Brasil lidera proposta global de proteção infantil no mundo digital

Recentemente, durante a CMDT-25 (Conferência Mundial de Desenvolvimento das Telecomunicações), realizada em Baku, Azerbaijão, o Brasil teve sua proposta para a proteção de crianças no ambiente digital aprovada como normativa pela União Internacional de Telecomunicações (UIT). 

A iniciativa liderada pela delegação brasileira chefiada pela conselheira da Anatel, amplia o entendimento de que os riscos para crianças no mundo online não se restringem apenas à navegação em si, mas a todo o ecossistema digital: redes sociais, aplicativos, jogos, streaming, educação, plataformas diversas. 

As mudanças na resolução da UIT contemplam, entre outros pontos:

  • a promoção da alfabetização digital de crianças e adolescentes;

  • o reconhecimento da necessidade de políticas públicas para limitar o uso de dispositivos por crianças nas escolas;

  • a recomendação de uso seguro de serviços e aplicações digitais, com possibilidade de restrições quando adequado;

  • a assunção de que os riscos no ambiente digital incluem não apenas o acesso à internet, mas o uso de apps e serviços online.

Além disso, a nova resolução da UIT orienta países e o setor privado a colaborarem na criação de políticas públicas, programas educativos e mecanismos de proteção, com base em dados, evidências e boas práticas.

Por que provedores de internet e SVA devem prestar atenção

Para empresas como provedores de internet, especialmente aquelas que entregam uma oferta mais ampla com serviços de valor agregado (SVA) streaming, jogos, educação, bem-estar, entre outros, esta mudança regulatória representa um ponto de atenção, mas também uma oportunidade estratégica.
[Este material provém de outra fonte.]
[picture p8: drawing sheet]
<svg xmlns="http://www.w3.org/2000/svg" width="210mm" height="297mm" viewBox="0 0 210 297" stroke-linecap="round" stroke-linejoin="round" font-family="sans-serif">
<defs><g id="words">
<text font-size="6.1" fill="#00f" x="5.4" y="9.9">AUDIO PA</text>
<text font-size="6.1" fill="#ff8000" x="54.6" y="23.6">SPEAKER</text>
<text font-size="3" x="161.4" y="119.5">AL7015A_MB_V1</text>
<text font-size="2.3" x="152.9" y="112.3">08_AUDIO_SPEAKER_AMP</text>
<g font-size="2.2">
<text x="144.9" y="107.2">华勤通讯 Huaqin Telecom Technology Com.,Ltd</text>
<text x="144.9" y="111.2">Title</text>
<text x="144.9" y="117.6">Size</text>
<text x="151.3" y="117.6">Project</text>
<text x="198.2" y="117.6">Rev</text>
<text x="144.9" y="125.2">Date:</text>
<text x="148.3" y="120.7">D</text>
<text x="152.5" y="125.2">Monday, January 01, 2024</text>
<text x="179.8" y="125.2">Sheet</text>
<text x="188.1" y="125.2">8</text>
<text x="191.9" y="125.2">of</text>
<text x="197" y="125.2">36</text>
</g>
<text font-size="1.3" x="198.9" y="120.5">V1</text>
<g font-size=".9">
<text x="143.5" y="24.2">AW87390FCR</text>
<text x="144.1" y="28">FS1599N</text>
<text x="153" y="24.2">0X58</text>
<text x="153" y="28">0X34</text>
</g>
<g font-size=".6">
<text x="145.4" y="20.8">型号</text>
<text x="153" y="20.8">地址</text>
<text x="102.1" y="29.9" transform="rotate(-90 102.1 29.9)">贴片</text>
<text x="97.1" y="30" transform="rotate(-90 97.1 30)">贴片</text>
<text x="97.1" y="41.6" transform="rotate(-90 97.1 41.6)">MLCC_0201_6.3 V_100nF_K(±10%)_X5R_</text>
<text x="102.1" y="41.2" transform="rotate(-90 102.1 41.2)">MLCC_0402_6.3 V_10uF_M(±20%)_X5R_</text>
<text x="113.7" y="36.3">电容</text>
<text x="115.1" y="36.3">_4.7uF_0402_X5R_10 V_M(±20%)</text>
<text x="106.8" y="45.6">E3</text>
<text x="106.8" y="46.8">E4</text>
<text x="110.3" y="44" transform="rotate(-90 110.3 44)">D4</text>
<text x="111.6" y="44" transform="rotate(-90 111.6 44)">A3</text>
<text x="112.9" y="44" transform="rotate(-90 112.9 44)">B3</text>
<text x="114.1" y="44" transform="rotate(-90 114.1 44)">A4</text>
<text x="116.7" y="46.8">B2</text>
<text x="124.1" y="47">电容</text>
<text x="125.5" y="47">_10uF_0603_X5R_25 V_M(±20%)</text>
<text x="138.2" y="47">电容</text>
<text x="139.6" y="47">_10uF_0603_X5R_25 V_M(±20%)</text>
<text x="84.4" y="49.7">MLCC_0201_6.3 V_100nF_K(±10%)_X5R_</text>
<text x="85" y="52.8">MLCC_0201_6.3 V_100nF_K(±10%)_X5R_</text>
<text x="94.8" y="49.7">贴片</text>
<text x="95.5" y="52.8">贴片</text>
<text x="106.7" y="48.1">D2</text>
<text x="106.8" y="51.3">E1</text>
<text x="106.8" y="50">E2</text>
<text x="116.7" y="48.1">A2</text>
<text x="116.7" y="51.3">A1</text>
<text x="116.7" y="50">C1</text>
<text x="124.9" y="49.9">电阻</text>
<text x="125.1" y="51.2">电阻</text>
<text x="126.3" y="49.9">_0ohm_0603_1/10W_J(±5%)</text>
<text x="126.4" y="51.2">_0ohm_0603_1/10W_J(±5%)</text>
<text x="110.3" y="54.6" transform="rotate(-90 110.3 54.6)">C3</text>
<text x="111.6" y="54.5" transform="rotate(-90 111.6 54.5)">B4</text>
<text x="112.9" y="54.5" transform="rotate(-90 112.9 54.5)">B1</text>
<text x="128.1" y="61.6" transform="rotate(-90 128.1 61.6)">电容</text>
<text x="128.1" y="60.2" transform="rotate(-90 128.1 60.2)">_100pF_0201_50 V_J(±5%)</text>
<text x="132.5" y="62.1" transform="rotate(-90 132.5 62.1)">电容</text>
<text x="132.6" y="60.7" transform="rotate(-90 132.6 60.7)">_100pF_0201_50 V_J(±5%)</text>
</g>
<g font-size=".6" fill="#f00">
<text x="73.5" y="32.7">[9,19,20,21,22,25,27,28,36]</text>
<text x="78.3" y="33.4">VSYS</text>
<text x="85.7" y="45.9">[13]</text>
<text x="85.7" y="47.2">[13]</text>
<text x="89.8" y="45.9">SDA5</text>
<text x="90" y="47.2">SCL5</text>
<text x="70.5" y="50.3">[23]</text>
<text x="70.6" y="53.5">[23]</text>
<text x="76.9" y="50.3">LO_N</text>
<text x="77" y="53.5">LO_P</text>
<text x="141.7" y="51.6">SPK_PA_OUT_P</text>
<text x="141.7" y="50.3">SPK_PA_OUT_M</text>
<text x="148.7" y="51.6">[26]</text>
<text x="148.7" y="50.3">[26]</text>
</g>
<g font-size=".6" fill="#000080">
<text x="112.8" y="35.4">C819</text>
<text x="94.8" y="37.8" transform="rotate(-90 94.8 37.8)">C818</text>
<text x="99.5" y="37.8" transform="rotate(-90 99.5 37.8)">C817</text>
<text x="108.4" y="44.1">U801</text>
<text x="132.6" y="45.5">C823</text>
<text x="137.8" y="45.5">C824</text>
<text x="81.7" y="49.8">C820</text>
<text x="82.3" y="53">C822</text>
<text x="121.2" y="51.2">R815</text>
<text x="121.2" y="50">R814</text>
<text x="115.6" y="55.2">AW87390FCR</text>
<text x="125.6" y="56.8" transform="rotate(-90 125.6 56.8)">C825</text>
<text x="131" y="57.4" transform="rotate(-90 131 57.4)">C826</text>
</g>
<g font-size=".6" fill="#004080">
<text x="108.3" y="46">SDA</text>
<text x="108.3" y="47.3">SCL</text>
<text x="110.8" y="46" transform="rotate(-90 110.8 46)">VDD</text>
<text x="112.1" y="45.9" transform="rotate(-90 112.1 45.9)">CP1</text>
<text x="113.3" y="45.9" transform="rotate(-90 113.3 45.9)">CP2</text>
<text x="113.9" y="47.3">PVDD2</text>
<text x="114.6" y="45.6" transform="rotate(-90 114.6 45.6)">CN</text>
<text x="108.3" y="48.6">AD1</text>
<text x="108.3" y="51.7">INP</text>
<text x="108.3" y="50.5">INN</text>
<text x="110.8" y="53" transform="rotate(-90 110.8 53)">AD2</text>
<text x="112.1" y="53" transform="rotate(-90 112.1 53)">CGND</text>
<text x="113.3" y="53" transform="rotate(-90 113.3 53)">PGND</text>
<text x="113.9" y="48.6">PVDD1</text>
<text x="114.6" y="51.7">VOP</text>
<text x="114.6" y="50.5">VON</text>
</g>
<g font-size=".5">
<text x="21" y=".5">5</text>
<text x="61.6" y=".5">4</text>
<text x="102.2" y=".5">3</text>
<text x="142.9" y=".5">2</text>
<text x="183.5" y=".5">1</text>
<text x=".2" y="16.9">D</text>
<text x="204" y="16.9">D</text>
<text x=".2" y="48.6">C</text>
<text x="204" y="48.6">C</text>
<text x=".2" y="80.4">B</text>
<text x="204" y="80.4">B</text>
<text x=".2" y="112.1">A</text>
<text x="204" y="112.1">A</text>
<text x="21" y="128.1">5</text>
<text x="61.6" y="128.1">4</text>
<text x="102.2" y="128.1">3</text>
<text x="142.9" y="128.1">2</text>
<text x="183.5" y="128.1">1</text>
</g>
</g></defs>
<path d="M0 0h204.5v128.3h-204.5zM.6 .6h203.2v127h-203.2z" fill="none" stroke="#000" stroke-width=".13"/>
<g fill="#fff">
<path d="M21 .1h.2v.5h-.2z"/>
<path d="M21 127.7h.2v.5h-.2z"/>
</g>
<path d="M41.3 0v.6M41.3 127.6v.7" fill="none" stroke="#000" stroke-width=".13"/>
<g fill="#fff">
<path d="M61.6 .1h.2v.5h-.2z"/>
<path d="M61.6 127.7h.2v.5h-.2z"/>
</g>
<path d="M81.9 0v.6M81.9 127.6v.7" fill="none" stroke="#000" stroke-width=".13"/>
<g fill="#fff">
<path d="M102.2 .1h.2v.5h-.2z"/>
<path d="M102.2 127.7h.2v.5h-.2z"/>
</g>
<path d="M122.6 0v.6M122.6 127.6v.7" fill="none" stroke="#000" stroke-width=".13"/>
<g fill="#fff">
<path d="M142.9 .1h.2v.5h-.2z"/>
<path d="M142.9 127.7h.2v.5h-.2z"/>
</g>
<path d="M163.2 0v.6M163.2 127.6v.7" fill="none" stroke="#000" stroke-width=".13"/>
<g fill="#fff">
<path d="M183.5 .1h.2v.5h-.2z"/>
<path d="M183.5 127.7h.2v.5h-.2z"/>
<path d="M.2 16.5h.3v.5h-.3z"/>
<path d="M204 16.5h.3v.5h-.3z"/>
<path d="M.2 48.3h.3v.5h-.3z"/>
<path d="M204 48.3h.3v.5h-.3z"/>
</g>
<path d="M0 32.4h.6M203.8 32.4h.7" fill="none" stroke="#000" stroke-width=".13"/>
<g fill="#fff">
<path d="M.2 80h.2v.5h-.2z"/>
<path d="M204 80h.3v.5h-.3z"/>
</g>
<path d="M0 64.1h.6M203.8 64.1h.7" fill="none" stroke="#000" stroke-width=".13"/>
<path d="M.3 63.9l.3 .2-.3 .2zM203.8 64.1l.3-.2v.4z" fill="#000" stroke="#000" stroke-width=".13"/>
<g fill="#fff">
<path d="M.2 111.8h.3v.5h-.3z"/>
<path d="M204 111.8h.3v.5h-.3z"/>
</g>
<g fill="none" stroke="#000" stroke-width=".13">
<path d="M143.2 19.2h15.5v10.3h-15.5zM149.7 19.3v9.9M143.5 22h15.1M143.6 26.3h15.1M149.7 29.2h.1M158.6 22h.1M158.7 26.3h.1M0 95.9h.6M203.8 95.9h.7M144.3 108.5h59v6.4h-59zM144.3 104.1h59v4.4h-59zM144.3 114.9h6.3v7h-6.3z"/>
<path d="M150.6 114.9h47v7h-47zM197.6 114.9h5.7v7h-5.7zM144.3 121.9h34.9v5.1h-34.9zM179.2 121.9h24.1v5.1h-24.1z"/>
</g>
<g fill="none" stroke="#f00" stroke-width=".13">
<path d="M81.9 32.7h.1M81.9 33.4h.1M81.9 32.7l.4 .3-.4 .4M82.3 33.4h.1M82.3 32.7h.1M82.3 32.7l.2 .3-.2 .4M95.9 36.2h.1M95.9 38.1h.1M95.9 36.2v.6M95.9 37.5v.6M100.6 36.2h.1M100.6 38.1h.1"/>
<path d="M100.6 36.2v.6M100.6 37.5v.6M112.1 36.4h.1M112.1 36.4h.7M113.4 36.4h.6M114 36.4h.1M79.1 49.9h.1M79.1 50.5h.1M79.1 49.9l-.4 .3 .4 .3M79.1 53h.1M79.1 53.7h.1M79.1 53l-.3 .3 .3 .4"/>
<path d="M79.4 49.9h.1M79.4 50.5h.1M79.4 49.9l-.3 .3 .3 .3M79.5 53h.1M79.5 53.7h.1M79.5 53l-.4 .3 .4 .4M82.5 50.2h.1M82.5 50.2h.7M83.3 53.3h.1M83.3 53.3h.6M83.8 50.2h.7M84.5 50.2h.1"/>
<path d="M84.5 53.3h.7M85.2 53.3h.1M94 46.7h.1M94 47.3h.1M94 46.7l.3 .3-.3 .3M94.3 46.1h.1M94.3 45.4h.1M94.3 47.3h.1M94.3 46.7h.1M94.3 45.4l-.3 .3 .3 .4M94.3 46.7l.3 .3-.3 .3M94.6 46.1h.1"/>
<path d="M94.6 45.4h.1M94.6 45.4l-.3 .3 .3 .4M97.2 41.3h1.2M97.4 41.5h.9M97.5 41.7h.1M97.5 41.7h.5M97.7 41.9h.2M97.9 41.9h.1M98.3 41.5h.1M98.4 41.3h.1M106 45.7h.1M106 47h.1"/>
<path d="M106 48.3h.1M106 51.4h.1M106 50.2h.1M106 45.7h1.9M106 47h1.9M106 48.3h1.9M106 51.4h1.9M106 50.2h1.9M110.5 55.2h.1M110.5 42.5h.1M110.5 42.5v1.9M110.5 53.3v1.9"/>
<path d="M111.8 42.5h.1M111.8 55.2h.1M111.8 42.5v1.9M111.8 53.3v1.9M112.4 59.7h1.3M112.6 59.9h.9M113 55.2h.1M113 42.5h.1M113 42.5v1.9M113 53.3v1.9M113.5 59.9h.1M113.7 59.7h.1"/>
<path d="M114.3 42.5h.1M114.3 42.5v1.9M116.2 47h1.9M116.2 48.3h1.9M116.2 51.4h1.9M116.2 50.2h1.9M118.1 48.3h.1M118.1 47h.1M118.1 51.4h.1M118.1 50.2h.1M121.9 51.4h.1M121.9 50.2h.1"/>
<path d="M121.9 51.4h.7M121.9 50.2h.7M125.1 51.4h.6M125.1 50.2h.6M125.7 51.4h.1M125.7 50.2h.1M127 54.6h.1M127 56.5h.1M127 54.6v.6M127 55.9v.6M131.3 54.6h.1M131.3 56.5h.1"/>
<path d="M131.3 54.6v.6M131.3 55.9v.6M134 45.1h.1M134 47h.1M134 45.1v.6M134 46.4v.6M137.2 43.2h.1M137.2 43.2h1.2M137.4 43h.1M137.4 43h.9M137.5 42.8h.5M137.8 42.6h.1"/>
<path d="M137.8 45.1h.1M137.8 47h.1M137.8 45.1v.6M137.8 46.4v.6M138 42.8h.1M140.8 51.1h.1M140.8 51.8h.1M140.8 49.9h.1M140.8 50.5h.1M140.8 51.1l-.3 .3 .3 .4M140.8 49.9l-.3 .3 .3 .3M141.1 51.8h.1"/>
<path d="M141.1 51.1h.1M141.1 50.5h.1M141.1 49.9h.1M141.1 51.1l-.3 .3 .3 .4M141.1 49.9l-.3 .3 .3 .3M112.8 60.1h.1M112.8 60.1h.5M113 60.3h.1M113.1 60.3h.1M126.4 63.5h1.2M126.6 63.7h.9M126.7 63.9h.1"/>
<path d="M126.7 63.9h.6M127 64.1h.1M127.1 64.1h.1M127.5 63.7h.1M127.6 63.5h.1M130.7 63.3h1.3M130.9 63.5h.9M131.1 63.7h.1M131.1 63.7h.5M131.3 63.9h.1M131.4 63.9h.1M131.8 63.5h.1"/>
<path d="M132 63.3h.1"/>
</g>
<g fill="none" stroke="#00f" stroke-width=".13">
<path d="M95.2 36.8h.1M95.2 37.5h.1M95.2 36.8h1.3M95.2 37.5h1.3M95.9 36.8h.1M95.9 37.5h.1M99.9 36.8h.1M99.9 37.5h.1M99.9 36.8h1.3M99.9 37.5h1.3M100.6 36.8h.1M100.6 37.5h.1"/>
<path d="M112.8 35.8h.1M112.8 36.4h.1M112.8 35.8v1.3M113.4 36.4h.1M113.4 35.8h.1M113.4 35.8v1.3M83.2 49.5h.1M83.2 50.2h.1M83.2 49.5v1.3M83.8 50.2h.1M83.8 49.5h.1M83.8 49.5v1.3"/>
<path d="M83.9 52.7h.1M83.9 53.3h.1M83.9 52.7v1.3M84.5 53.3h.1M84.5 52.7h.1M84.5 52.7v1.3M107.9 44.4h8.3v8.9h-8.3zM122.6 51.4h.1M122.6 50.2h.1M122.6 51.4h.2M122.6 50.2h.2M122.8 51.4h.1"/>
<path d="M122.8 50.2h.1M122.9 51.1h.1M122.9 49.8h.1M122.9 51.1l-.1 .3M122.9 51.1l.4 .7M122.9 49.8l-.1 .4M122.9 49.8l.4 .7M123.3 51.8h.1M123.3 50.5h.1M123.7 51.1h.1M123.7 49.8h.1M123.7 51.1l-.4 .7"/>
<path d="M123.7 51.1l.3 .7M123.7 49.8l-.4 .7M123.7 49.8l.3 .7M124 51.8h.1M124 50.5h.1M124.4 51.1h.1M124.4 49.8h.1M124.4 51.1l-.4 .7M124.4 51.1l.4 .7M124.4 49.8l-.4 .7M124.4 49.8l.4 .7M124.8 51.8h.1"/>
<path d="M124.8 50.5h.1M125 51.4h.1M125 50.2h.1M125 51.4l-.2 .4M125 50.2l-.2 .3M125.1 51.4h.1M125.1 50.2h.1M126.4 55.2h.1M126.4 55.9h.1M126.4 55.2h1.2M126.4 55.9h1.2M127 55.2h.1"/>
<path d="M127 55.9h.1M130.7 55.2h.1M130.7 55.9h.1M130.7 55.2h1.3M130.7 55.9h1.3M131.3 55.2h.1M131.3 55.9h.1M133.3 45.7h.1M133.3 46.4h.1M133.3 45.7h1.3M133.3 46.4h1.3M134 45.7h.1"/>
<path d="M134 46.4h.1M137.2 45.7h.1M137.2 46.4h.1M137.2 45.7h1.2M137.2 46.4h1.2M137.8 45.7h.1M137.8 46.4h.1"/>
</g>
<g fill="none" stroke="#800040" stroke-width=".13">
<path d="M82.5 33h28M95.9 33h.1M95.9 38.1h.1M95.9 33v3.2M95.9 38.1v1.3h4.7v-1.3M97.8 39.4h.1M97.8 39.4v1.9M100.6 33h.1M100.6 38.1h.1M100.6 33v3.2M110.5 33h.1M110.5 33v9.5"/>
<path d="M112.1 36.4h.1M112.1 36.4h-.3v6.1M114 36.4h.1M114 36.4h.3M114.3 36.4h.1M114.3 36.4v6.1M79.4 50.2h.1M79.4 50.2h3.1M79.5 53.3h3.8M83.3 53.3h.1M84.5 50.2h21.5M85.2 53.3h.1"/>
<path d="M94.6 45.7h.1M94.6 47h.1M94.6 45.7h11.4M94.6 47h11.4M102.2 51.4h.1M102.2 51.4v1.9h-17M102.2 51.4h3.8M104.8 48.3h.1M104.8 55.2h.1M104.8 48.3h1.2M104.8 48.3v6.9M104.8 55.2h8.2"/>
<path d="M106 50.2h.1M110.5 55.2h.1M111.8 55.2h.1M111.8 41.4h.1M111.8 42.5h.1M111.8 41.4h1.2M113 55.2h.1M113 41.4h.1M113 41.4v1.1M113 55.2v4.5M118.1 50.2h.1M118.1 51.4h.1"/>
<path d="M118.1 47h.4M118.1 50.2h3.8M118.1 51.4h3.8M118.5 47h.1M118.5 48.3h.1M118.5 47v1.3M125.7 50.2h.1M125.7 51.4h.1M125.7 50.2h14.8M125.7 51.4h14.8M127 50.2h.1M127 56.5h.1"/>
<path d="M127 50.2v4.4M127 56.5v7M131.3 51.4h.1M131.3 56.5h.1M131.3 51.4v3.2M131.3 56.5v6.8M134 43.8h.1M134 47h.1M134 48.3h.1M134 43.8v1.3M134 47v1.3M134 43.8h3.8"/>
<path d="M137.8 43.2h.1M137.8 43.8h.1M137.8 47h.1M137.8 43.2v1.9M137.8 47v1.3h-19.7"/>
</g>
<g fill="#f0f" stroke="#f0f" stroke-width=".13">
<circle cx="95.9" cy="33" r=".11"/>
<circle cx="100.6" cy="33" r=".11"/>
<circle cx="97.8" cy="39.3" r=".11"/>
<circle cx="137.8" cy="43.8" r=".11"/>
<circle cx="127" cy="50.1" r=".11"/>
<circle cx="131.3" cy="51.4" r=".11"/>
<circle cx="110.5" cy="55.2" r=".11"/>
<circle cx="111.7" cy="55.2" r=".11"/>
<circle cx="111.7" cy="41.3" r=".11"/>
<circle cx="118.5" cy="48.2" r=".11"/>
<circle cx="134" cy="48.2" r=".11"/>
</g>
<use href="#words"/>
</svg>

Eis por que:

  • Maior responsabilidade social e compliance: ao ofertar serviços para famílias, os provedores passam a ter papel relevante na garantia de acesso seguro para crianças e adolescentes. Integrar controles, filtros, recursos de supervisão parental ou orientações de uso pode se tornar diferencial e, sobretudo, uma exigência ética e regulatória.

  • Confiança da família como ativo competitivo: quando um provedor comunica que sua plataforma respeita normas de proteção infantil, isso gera credibilidade entre pais e responsáveis, um fator que pode reforçar satisfação, retenção e fidelização.

  • Diferenciação na oferta de SVA: combinar pacotes que entregam não só conexão, mas serviços seguros e adaptados para diferentes públicos (adultos, jovens, crianças) pode ser um grande diferencial de mercado.

  • Alinhamento com políticas públicas e tendências regulatórias: antecipar-se a novas exigências como educação digital, restrições em ambientes escolares ou mecanismos de verificação e segurança, posiciona o provedor como parceiro confiável e responsável.